En Texas, donde se originó el caso Plyler, el gobernador republicano Greg lleva tiempo abogando por que se reconsidere la decisión, alegando la insostenible carga fiscal que supone para los distritos locales. Las propuestas Oklahoma exigen una prueba de estatus para la matriculación, mientras que Indiana Idaho e Indiana los proyectos de ley Indiana en las comisiones antes de quedarse estancados. Incluso en Nueva Jersey, un estado de tendencia demócrata, los legisladores presentaron la «Ley Plyler» para imponer el pago de matrícula a los estudiantes indocumentados.

TENNESSEE PROPONE BILL NUEVO BILL LA PRES ICE LOS CAMPUS ESCOLARES DE TODO EL ESTADO

Los detractores de estas medidas suelen apelar a la compasión, argumentando que negar la educación perjudica a niños inocentes. Sin embargo, el verdadero perjuicio proviene de las políticas que fomentan la entrada ilegal al prometer servicios gratuitos, lo que perpetúa un ciclo de dependencia y agota los recursos destinados a los residentes legales.

Estados como Tennessee miles de millones en educación para fomentar las oportunidades, pero esa promesa se ve mermada cuando los fondos se reparten de forma más escasa para dar cabida a quienes eludieron el sistema. Anular la sentencia Plyler restablecería la equidad, permitiendo a los estados centrarse en sus propias comunidades sin tener que dar explicaciones.

Las implicaciones fiscales merecen toda nuestra atención.

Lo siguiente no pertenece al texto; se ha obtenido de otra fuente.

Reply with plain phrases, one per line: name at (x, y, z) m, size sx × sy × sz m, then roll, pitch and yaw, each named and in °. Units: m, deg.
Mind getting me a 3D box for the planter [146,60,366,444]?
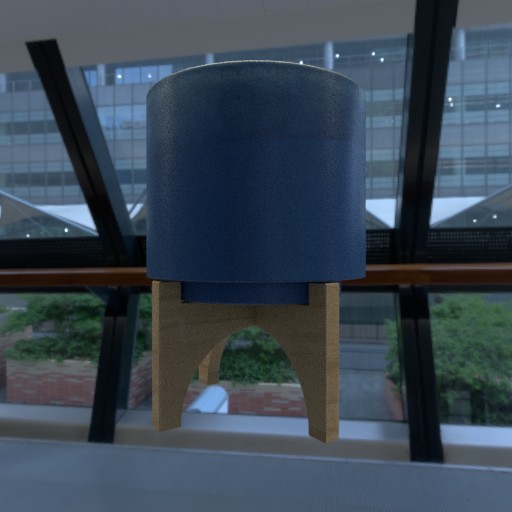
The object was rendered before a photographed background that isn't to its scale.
planter at (0.000, 0.000, 0.544) m, size 0.261 × 0.367 × 0.261 m, roll 0°, pitch 0°, yaw 0°
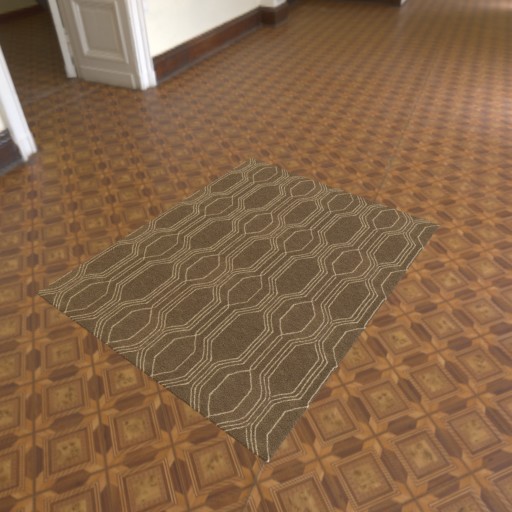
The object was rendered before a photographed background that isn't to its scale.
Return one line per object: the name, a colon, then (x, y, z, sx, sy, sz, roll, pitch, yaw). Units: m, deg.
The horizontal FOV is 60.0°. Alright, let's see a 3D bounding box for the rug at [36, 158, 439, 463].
rug: (0.000, 0.000, 4.204, 2.457, 0.012, 3.062, 26, 46, 27)
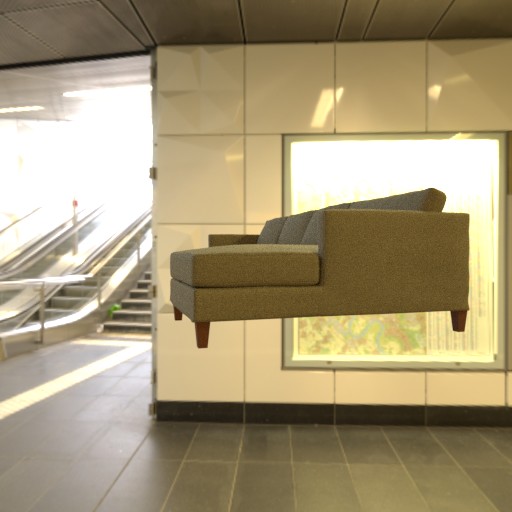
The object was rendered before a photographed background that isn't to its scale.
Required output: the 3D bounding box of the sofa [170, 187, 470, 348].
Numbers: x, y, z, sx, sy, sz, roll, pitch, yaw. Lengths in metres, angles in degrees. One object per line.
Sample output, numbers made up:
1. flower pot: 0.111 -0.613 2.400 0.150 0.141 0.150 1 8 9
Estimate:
1. sofa: 0.000 0.000 3.822 1.625 0.861 3.186 0 0 -17
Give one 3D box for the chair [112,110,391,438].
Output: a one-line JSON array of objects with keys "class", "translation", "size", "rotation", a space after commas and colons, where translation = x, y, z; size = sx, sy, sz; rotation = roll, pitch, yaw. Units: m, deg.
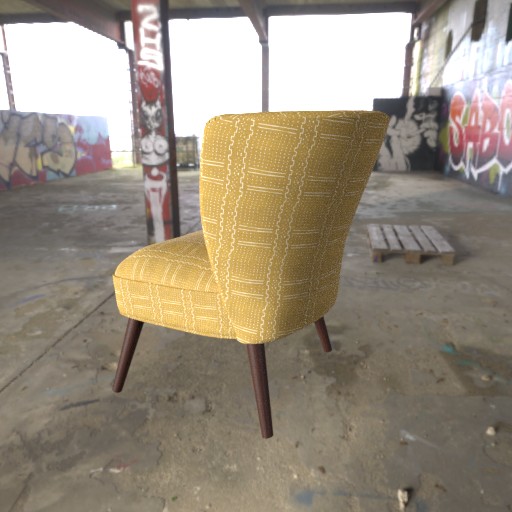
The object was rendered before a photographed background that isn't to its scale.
[{"class": "chair", "translation": [0.000, 0.000, 1.408], "size": [0.758, 0.866, 0.706], "rotation": [8, 18, 25]}]
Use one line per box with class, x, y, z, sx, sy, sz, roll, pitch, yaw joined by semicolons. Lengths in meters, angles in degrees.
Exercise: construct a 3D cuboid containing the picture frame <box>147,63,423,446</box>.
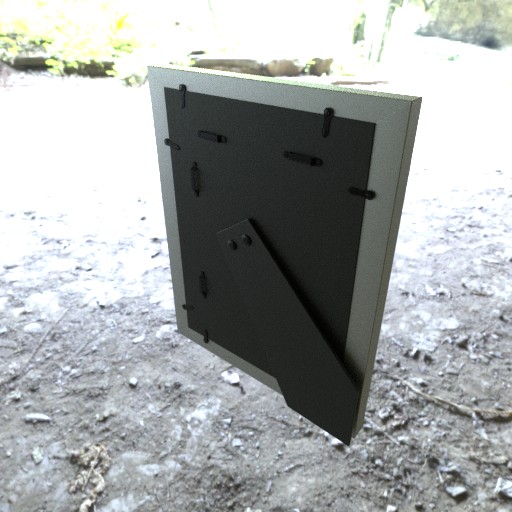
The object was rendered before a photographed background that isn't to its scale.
picture frame;0.000;0.000;0.514;0.307;0.386;0.036;22;37;33
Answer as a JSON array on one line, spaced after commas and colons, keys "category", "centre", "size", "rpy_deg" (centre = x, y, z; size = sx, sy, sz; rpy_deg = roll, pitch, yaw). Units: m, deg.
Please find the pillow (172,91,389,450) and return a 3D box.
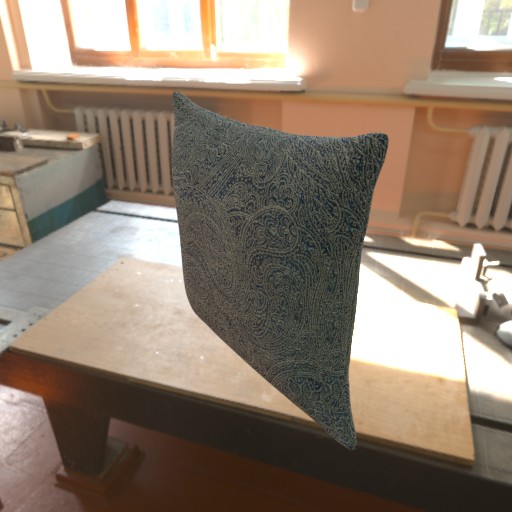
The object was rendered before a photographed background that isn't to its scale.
[{"category": "pillow", "centre": [0.000, 0.000, 0.790], "size": [0.166, 0.510, 0.523], "rpy_deg": [-18, 32, -32]}]
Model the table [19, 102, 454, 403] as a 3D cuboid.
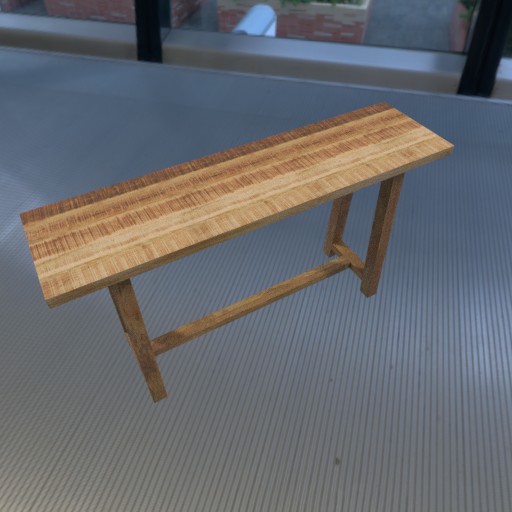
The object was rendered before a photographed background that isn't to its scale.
[{"bbox_3d":[0.000,0.000,1.858,1.524,0.810,0.405,-22,50,-20],"label":"table"}]
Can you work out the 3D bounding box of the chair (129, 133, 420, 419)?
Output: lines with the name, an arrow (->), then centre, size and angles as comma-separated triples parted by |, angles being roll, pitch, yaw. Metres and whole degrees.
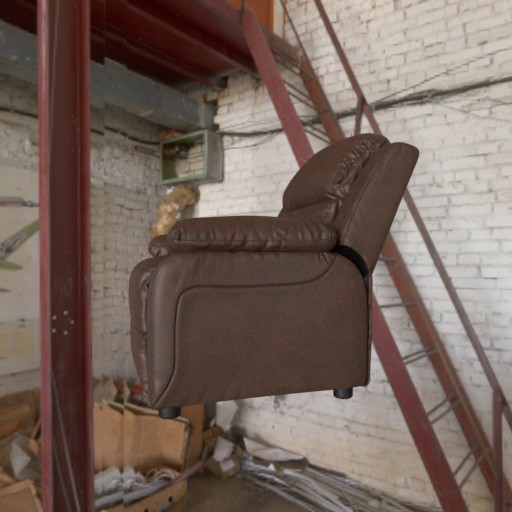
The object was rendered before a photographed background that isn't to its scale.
chair -> 0.000, 0.000, 1.291 | 0.707, 0.702, 0.680 | 0, -1, -18

A nivel nacional, la educación de los estudiantes inmigrantes indocumentados cuesta miles de millones al año; las estimaciones varían según el estado, pero todas apuntan a una carga desproporcionada para los contribuyentes.

HAGA CLIC AQUÍ PARA MÁS OPINIONES DE FOX NEWS

Florida el crédito fiscal para educación de Trump Vídeo

La afluencia de alumnos satura las aulas, exige más profesores de inglés como segunda lengua y aumenta los gastos administrativos. Por el contrario, excluir a estos alumnos de la financiación con dinero de los contribuyentes liberaría recursos para reducir el tamaño de las clases, aumentar los salarios de los profesores y mejorar los programas para los alumnos matriculados legalmente. Los propietarios, hartos de las subidas anuales de impuestos para cubrir el aumento de la matrícula, por fin verían un respiro.

El caso Plyler agrava la inmigración ilegal al establecer la educación como un derecho, independientemente de la situación migratoria. El Tribunal Supremo podría poner fin a esta obligación y devolver el poder a los estados, que es donde corresponde.

HAZ CLIC AQUÍ PARA DESCARGAR LA APP DE FOX NEWS

Tennessee HB 793 Tennessee, aunque imperfecto, abre un debate necesario. Los legisladores deberían reforzarlo prohibiendo por completo la educación financiada con fondos públicos para los inmigrantes ilegales y, a continuación, defenderlo con firmeza ante los tribunales. La propuesta no solo protegería el dinero de los contribuyentes, sino que también disuadiría futuras entradas ilegales al eliminar un factor de atracción clave.

Los estadounidenses llevan demasiado tiempo esperando que se ponga fin a unas políticas que dan prioridad a los extranjeros frente a los ciudadanos. Ha llegado el momento de que el Tribunal Supremo revoque la sentencia del caso Plyler contra Doe y deje que los estados tracen su propio rumbo.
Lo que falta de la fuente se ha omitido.